### The task
The entries below contain a line with "Same task again, this time for unicorn" and a line with "2) boot [110, 197, 321, 337]". Retype exactly everything from the first down to the second, both included, and nothing else.

Top of Study material

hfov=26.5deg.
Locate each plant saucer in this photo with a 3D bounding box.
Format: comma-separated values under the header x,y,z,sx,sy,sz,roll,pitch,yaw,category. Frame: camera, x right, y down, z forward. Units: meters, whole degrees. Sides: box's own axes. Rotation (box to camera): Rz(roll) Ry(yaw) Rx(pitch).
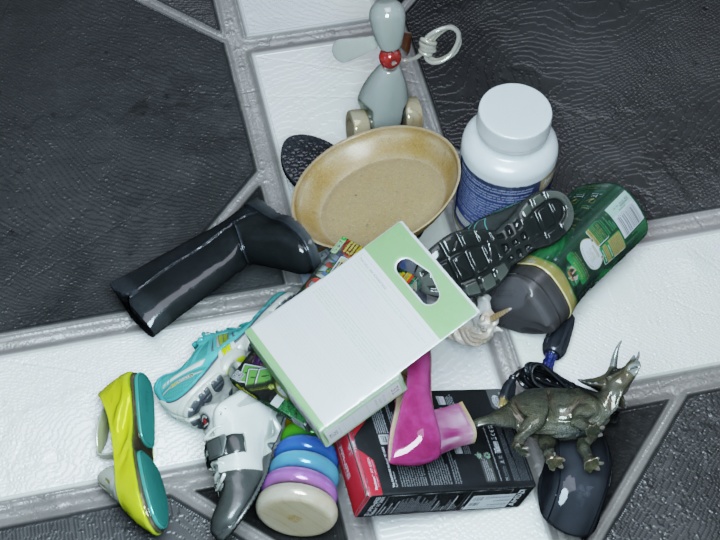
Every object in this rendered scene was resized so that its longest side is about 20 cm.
x,y,z,sx,sy,sz,roll,pitch,yaw,category
0.021,-0.085,1.733,0.200,0.035,0.200,-12,44,11,plant saucer

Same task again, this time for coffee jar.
x,y,z,sx,sy,sz,roll,pitch,yaw,category
0.232,-0.012,1.742,0.200,0.104,0.085,-43,111,-27,coffee jar

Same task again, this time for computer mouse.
x,y,z,sx,sy,sz,roll,pitch,yaw,category
0.207,0.176,1.606,0.140,0.046,0.200,26,45,-5,computer mouse

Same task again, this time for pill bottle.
x,y,z,sx,sy,sz,roll,pitch,yaw,category
0.168,-0.118,1.756,0.111,0.200,0.111,1,55,-1,pill bottle

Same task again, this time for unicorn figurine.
x,y,z,sx,sy,sz,roll,pitch,yaw,category
0.081,0.036,1.722,0.200,0.074,0.138,-18,50,17,unicorn figurine

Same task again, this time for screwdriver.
x,y,z,sx,sy,sz,roll,pitch,yaw,category
0.204,0.124,1.690,0.029,0.028,0.200,-5,46,30,screwdriver

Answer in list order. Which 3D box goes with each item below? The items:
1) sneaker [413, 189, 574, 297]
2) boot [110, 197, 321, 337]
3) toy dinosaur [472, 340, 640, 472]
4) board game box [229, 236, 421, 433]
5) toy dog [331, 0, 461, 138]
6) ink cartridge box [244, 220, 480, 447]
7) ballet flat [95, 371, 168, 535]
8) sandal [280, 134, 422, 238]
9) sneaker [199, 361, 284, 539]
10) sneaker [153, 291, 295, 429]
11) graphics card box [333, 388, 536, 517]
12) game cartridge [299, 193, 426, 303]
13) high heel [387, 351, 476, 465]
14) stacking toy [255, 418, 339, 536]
x,y,z,sx,sy,sz,roll,pitch,yaw,category
0.143,-0.023,1.683,0.200,0.079,0.076,-25,93,-18,sneaker
-0.161,0.006,1.706,0.200,0.066,0.165,-30,30,-19,boot
0.200,0.152,1.568,0.200,0.077,0.102,-15,33,10,toy dinosaur
-0.035,0.064,1.590,0.105,0.023,0.200,29,70,23,board game box
0.028,-0.246,1.868,0.132,0.200,0.096,7,33,-27,toy dog
0.003,0.062,1.541,0.200,0.048,0.146,-35,60,-9,ink cartridge box
-0.246,0.198,1.610,0.067,0.067,0.200,-20,53,9,ballet flat
-0.015,-0.090,1.832,0.200,0.045,0.075,33,65,3,sandal
-0.136,0.184,1.585,0.088,0.074,0.200,26,53,-11,sneaker
-0.145,0.085,1.682,0.080,0.078,0.200,29,56,31,sneaker
0.073,0.188,1.594,0.200,0.051,0.126,-1,53,-25,graphics card box
0.000,0.000,1.720,0.133,0.042,0.200,-30,44,8,game cartridge
0.032,0.118,1.563,0.096,0.067,0.200,-13,52,-24,high heel
-0.055,0.177,1.619,0.085,0.085,0.200,6,50,2,stacking toy

Bottom of Study material

### Task output
Same task again, this time for unicorn figurine.
x,y,z,sx,sy,sz,roll,pitch,yaw,category
0.081,0.036,1.722,0.200,0.074,0.138,-18,50,17,unicorn figurine

Same task again, this time for screwdriver.
x,y,z,sx,sy,sz,roll,pitch,yaw,category
0.204,0.124,1.690,0.029,0.028,0.200,-5,46,30,screwdriver

Answer in list order. Which 3D box goes with each item below? The items:
1) sneaker [413, 189, 574, 297]
2) boot [110, 197, 321, 337]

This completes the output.